Between 1962 and 1989 the Tränenpalast – or Palace of Tears – was the border crossing station for foot passengers heading west from communist East Berlin. West Berliners, West Germans, East Germans, foreigners, diplomats and transit travellers all had separate queues, which involved as many as three individual passport checks and customs controls. The steel-and-glass wedge building was nicknamed the Palace of Tears because it was here that most East Germans said goodbye to families and friends, never knowing if they would see them again.
Its designers’ intention was to humiliate and inconvenience people, subjecting them to intimidation, fear and long waits. In their melamine booths, officious border guards had the authority to arrest and imprison any East German. Other citizens could be delayed for as long as an hour, especially when – as I once experienced – duplicate forms had to be complete by hand as there was no carbon paper.
On 2 July 1990, Berliners cheered the first direct S-Bahn as it passed through Friedrichstraße station on its way from east to west. Then in 2011 the Haus der Geschichte der Bundesrepublik Deutschland – the bold and important museum of contemporary German history which is headquartered in Bonn – took over the Tränenpalast and opened within it a new permanent exhibition on everyday life in divided Germany.

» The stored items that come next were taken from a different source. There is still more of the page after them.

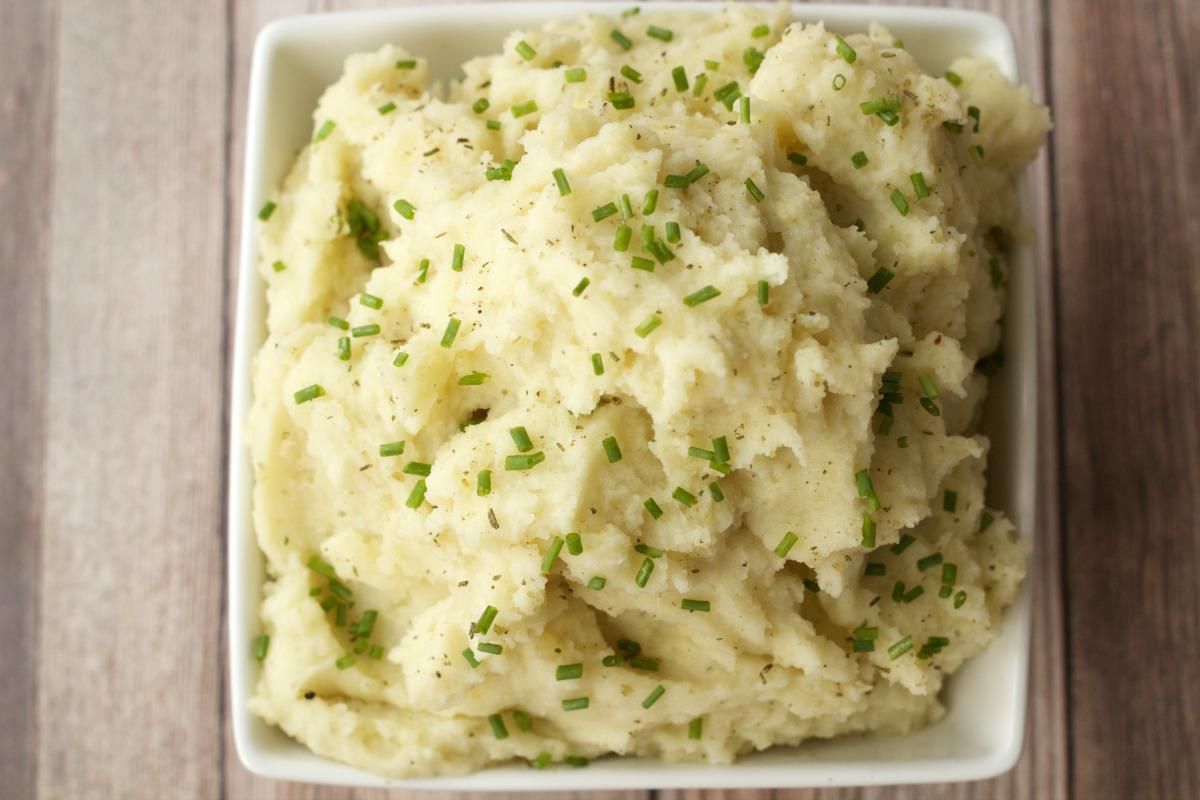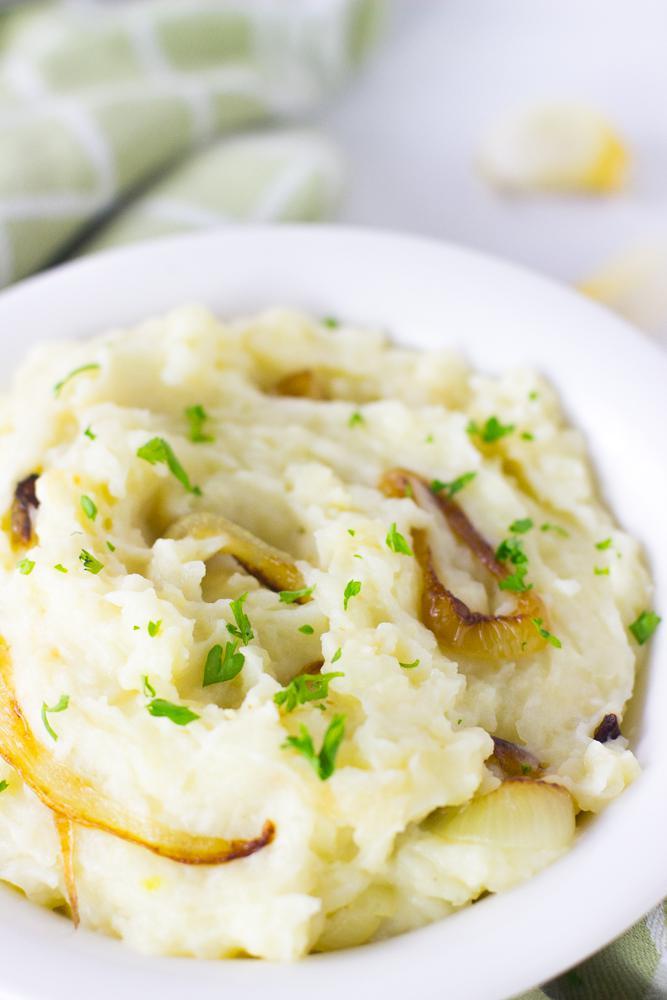The first image is the image on the left, the second image is the image on the right. Given the left and right images, does the statement "One image shows mashed potatoes with chives served in a square white bowl." hold true? Answer yes or no. Yes. 
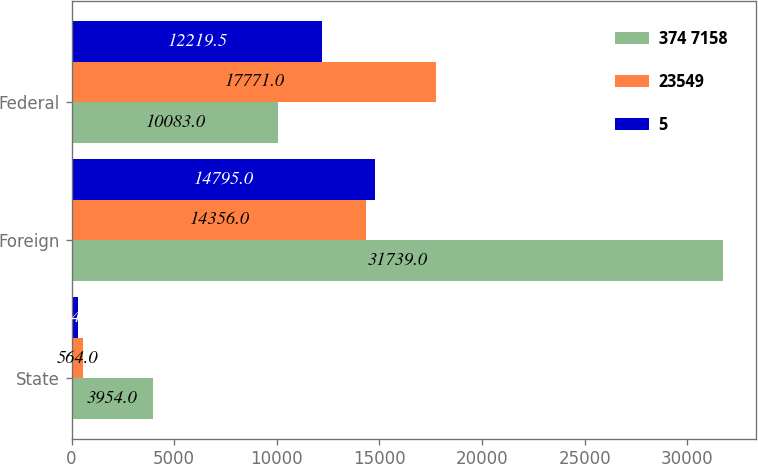Convert chart to OTSL. <chart><loc_0><loc_0><loc_500><loc_500><stacked_bar_chart><ecel><fcel>State<fcel>Foreign<fcel>Federal<nl><fcel>374 7158<fcel>3954<fcel>31739<fcel>10083<nl><fcel>23549<fcel>564<fcel>14356<fcel>17771<nl><fcel>5<fcel>304<fcel>14795<fcel>12219.5<nl></chart> 
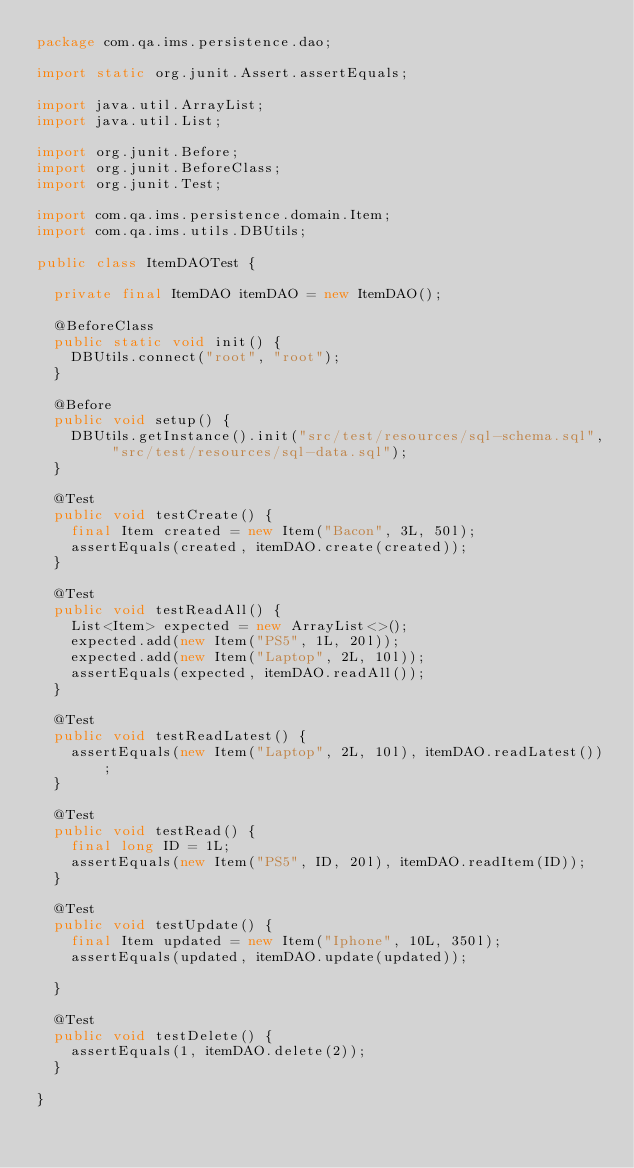<code> <loc_0><loc_0><loc_500><loc_500><_Java_>package com.qa.ims.persistence.dao;

import static org.junit.Assert.assertEquals;

import java.util.ArrayList;
import java.util.List;

import org.junit.Before;
import org.junit.BeforeClass;
import org.junit.Test;

import com.qa.ims.persistence.domain.Item;
import com.qa.ims.utils.DBUtils;

public class ItemDAOTest {

	private final ItemDAO itemDAO = new ItemDAO();

	@BeforeClass
	public static void init() {
		DBUtils.connect("root", "root");
	}

	@Before
	public void setup() {
		DBUtils.getInstance().init("src/test/resources/sql-schema.sql", "src/test/resources/sql-data.sql");
	}

	@Test
	public void testCreate() {
		final Item created = new Item("Bacon", 3L, 50l);
		assertEquals(created, itemDAO.create(created));
	}

	@Test
	public void testReadAll() {
		List<Item> expected = new ArrayList<>();
		expected.add(new Item("PS5", 1L, 20l));
		expected.add(new Item("Laptop", 2L, 10l));
		assertEquals(expected, itemDAO.readAll());
	}

	@Test
	public void testReadLatest() {
		assertEquals(new Item("Laptop", 2L, 10l), itemDAO.readLatest());
	}

	@Test
	public void testRead() {
		final long ID = 1L;
		assertEquals(new Item("PS5", ID, 20l), itemDAO.readItem(ID));
	}

	@Test
	public void testUpdate() {
		final Item updated = new Item("Iphone", 10L, 350l);
		assertEquals(updated, itemDAO.update(updated));

	}

	@Test
	public void testDelete() {
		assertEquals(1, itemDAO.delete(2));
	}
	
}</code> 
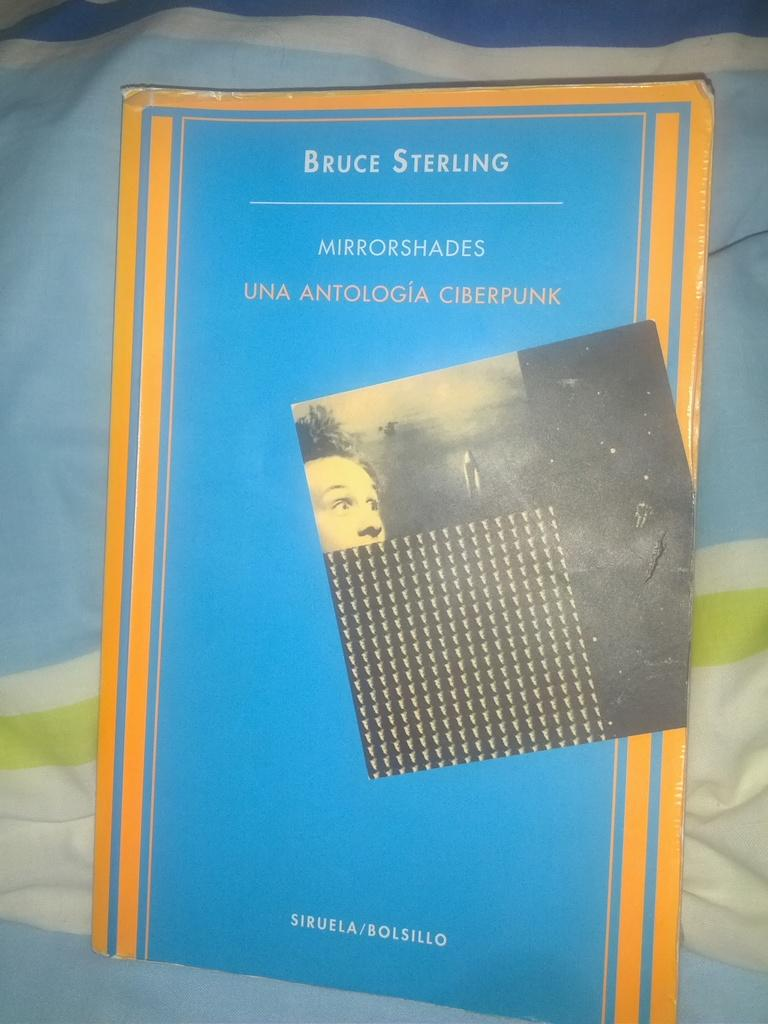<image>
Describe the image concisely. The book is written by the author Bruce Sterling 
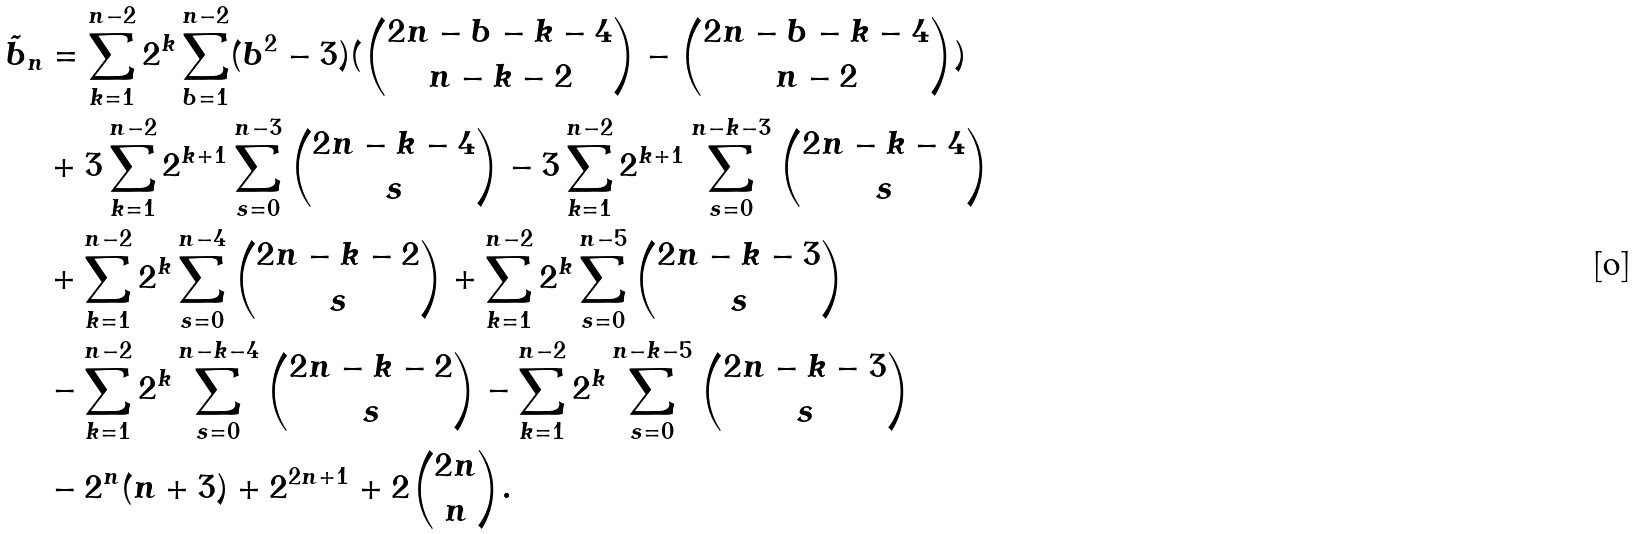<formula> <loc_0><loc_0><loc_500><loc_500>\tilde { b } _ { n } & = \sum _ { k = 1 } ^ { n - 2 } 2 ^ { k } \sum _ { b = 1 } ^ { n - 2 } ( b ^ { 2 } - 3 ) ( \binom { 2 n - b - k - 4 } { n - k - 2 } - \binom { 2 n - b - k - 4 } { n - 2 } ) \\ & + 3 \sum _ { k = 1 } ^ { n - 2 } 2 ^ { k + 1 } \sum _ { s = 0 } ^ { n - 3 } \binom { 2 n - k - 4 } { s } - 3 \sum _ { k = 1 } ^ { n - 2 } 2 ^ { k + 1 } \sum _ { s = 0 } ^ { n - k - 3 } \binom { 2 n - k - 4 } { s } \\ & + \sum _ { k = 1 } ^ { n - 2 } 2 ^ { k } \sum _ { s = 0 } ^ { n - 4 } \binom { 2 n - k - 2 } { s } + \sum _ { k = 1 } ^ { n - 2 } 2 ^ { k } \sum _ { s = 0 } ^ { n - 5 } \binom { 2 n - k - 3 } { s } \\ & - \sum _ { k = 1 } ^ { n - 2 } 2 ^ { k } \sum _ { s = 0 } ^ { n - k - 4 } \binom { 2 n - k - 2 } { s } - \sum _ { k = 1 } ^ { n - 2 } 2 ^ { k } \sum _ { s = 0 } ^ { n - k - 5 } \binom { 2 n - k - 3 } { s } \\ & - 2 ^ { n } ( n + 3 ) + 2 ^ { 2 n + 1 } + 2 \binom { 2 n } { n } . \\</formula> 
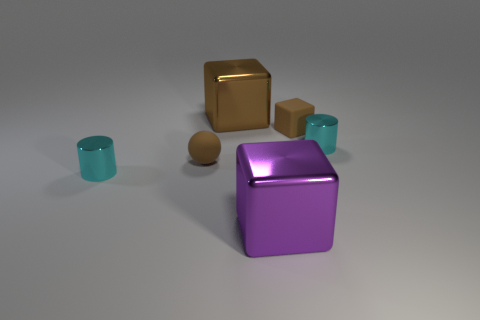How many other objects are the same material as the big purple thing?
Your answer should be compact. 3. Do the brown object that is to the left of the large brown thing and the cube to the right of the purple metal object have the same material?
Ensure brevity in your answer.  Yes. There is a small brown object that is made of the same material as the brown ball; what shape is it?
Provide a short and direct response. Cube. What number of gray metal cylinders are there?
Keep it short and to the point. 0. What shape is the metal object that is in front of the small cube and left of the big purple thing?
Provide a succinct answer. Cylinder. What is the shape of the cyan metallic object right of the cyan thing that is on the left side of the small cyan metal cylinder that is right of the purple metallic thing?
Offer a very short reply. Cylinder. There is a brown object that is both in front of the large brown shiny block and on the left side of the purple metal object; what material is it?
Give a very brief answer. Rubber. How many brown rubber blocks are the same size as the matte sphere?
Provide a short and direct response. 1. How many matte objects are either cyan cylinders or tiny brown balls?
Provide a short and direct response. 1. What is the purple object made of?
Make the answer very short. Metal. 
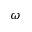Convert formula to latex. <formula><loc_0><loc_0><loc_500><loc_500>\omega</formula> 
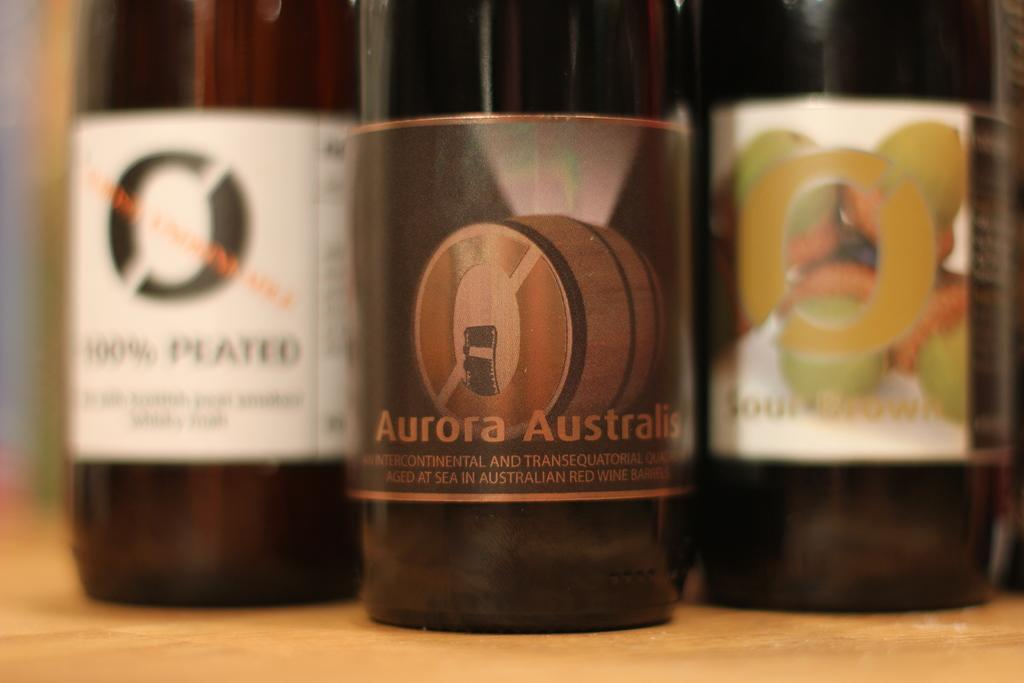<image>
Relay a brief, clear account of the picture shown. Three bottles of alcohol with one pushed to the front that has a label that says Aurora Australis 
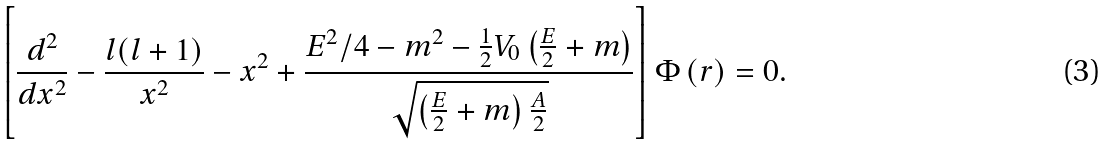Convert formula to latex. <formula><loc_0><loc_0><loc_500><loc_500>\left [ \frac { d ^ { 2 } } { d x ^ { 2 } } - \frac { l ( l + 1 ) } { x ^ { 2 } } - x ^ { 2 } + \frac { E ^ { 2 } / 4 - m ^ { 2 } - \frac { 1 } { 2 } V _ { 0 } \left ( \frac { E } { 2 } + m \right ) } { \sqrt { \left ( \frac { E } { 2 } + m \right ) \frac { A } { 2 } } } \right ] \Phi \left ( r \right ) = 0 .</formula> 
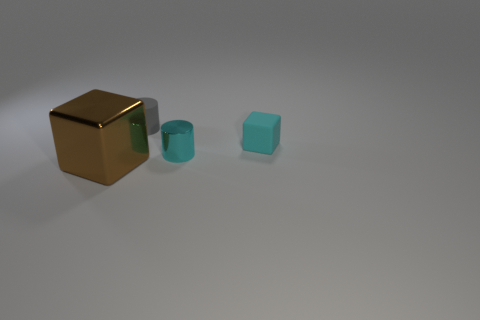Subtract all cyan blocks. How many blocks are left? 1 Add 3 small shiny cylinders. How many objects exist? 7 Subtract 1 cylinders. How many cylinders are left? 1 Subtract all brown shiny cubes. Subtract all tiny cyan cylinders. How many objects are left? 2 Add 1 small cyan cubes. How many small cyan cubes are left? 2 Add 3 brown blocks. How many brown blocks exist? 4 Subtract 0 red cubes. How many objects are left? 4 Subtract all yellow blocks. Subtract all brown spheres. How many blocks are left? 2 
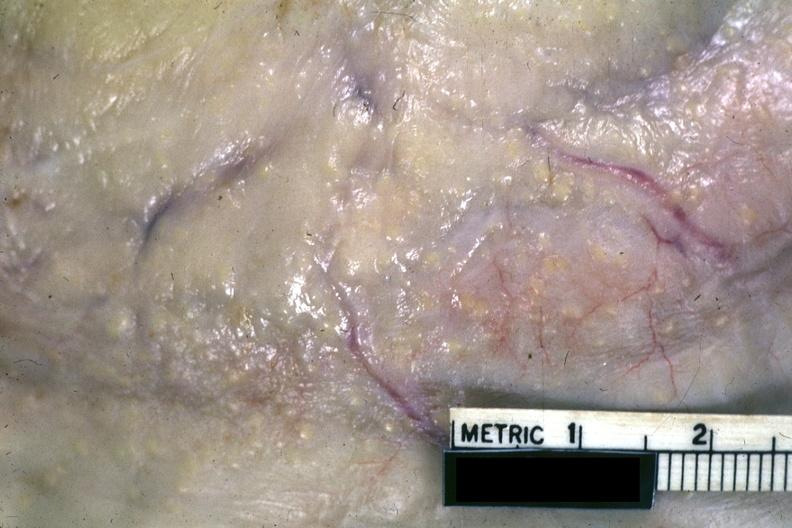s peritoneum present?
Answer the question using a single word or phrase. Yes

Its simple and moving exhibition recalls the life of people walled in by their leaders. Open suitcases tell the real-life stories of individuals who used the border crossing point: the Party cadre allowed abroad, the Stasi spy smuggled into the West, the children separated from their family and home for over a decade. As well as original checkpoint booths, rolls of barbed wire, visa forms and photographs, a sequence of East and West German newsreels enable the modern visitor to contrast reports on the riots of 17 June 1953, on the building of the Wall in 1961 and on the first humanitarian Passierscheinregelung visits over Christmas 1963. The exhibition also provides an overview of the reunification process.

As the years pass it becomes more and more difficult to remember the arrogance, heartlessness and political and military ambitions of the men and women who erected the heinous divide. Hence the Palace of Tears – which charges no entry fee – becomes an ever-more important destination for visitors to Berlin.